Interleukin-31 may play a role in the pathobiologic mechanism of atopic dermatitis and pruritus. We wanted to assess the efficacy and safety of nemolizumab (CIM331), a humanized antibody against ...interleukin-31 receptor A, in the treatment of atopic dermatitis.
In this phase 2, randomized, double-blind, placebo-controlled, 12-week trial, we assigned adults with moderate-to-severe atopic dermatitis that was inadequately controlled by topical treatments to receive subcutaneous nemolizumab (at a dose of 0.1 mg, 0.5 mg, or 2.0 mg per kilogram of body weight) or placebo every 4 weeks or an exploratory dose of 2.0 mg of nemolizumab per kilogram every 8 weeks.
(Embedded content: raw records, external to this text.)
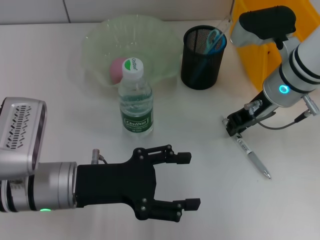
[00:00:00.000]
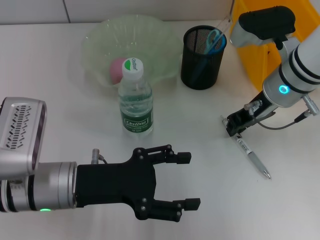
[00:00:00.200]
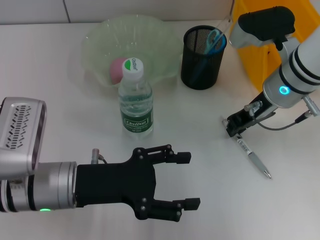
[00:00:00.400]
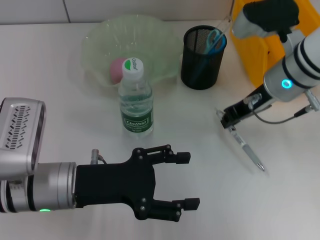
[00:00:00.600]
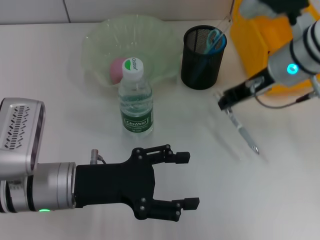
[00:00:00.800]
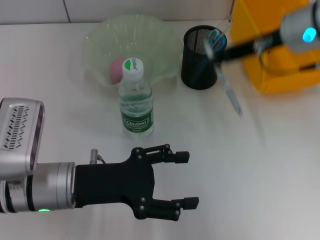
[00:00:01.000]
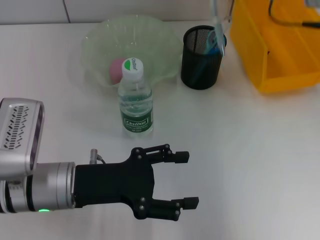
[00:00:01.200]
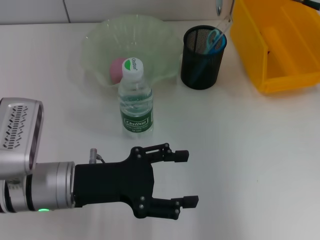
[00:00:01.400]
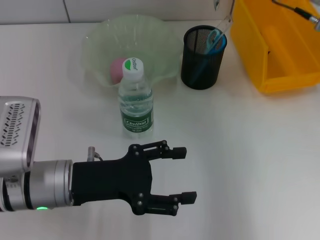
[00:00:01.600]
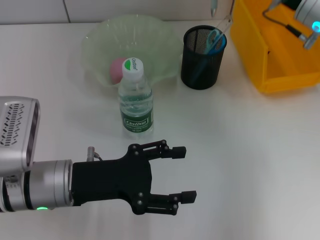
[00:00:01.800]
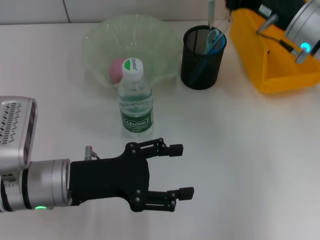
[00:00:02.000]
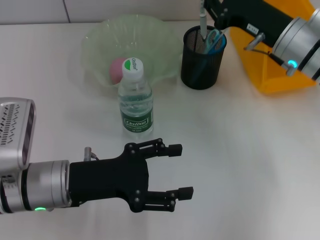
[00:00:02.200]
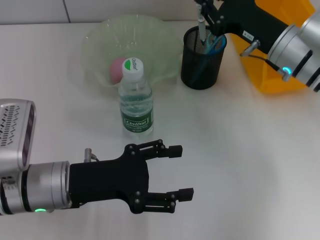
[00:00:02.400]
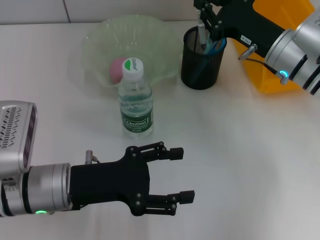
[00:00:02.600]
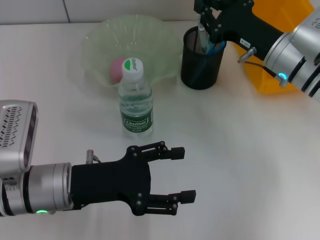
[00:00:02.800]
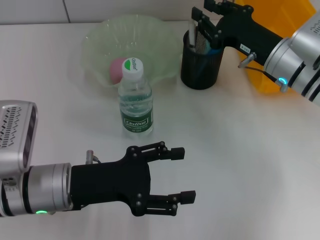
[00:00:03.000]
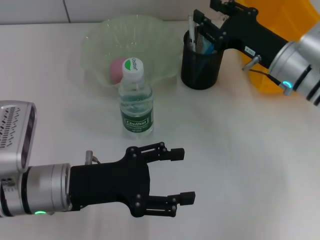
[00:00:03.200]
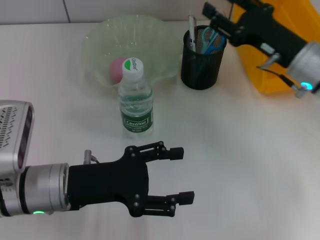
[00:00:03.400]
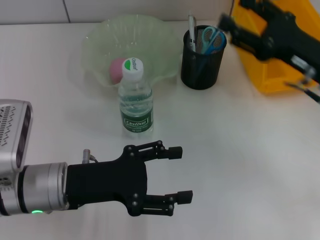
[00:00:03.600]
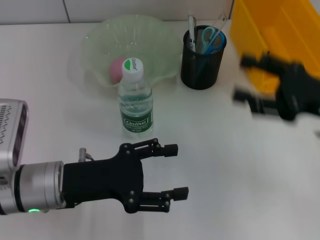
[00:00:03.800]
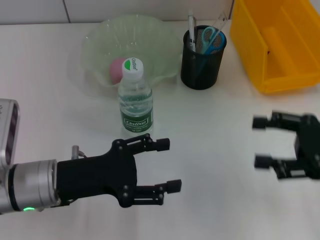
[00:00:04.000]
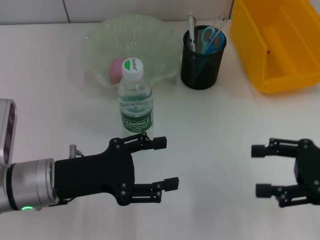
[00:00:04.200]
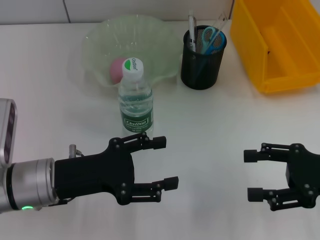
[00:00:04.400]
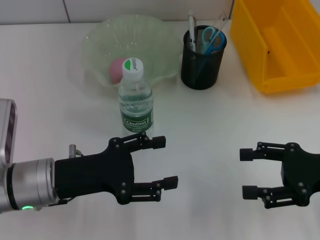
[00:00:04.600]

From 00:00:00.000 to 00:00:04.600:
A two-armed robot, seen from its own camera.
Step, from 00:00:00.400 to 00:00:03.000: Place the gray spring-action pen into the pen holder with the right hand.
From 00:00:00.000 to 00:00:01.600: The right gripper heads upward, covering about 10 cm.
From 00:00:01.600 to 00:00:03.000: The right gripper goes about 10 cm downward.
From 00:00:03.000 to 00:00:04.600: The right gripper shifts about 15 cm backward and to the right, and opens up.

The primary end point was the percentage improvement from baseline in the score on the pruritus visual-analogue scale (on which a negative change indicates improvement) at week 12. Secondary end points included changes in the score on the Eczema Area and Severity Index (EASI, on which a negative change indicates improvement), and body-surface area of atopic dermatitis.
Of 264 patients who underwent randomization, 216 (82%) completed the study. At week 12, among the patients who received nemolizumab every 4 weeks, changes on the pruritus visual-analogue scale were -43.7% in the 0.1-mg group, -59.8% in the 0.5-mg group, and -63.1% in the 2.0-mg group, versus -20.9% in the placebo group (P<0.01 for all comparisons). Changes on the EASI were -23.0%, -42.3%, and -40.9%, respectively, in the nemolizumab groups, versus -26.6% in the placebo group. Respective changes in body-surface area affected by atopic dermatitis were -7.5%, -20.0%, and -19.4% with nemolizumab, versus -15.7% with placebo. Among the patients receiving nemolizumab every 4 weeks, treatment discontinuations occurred in 9 of 53 patients (17%) in the 0.1-mg group, in 9 of 54 (17%) in the 0.5-mg group, and in 7 of 52 (13%) in the 2.0-mg group, versus in 9 of 53 (17%) in the placebo group.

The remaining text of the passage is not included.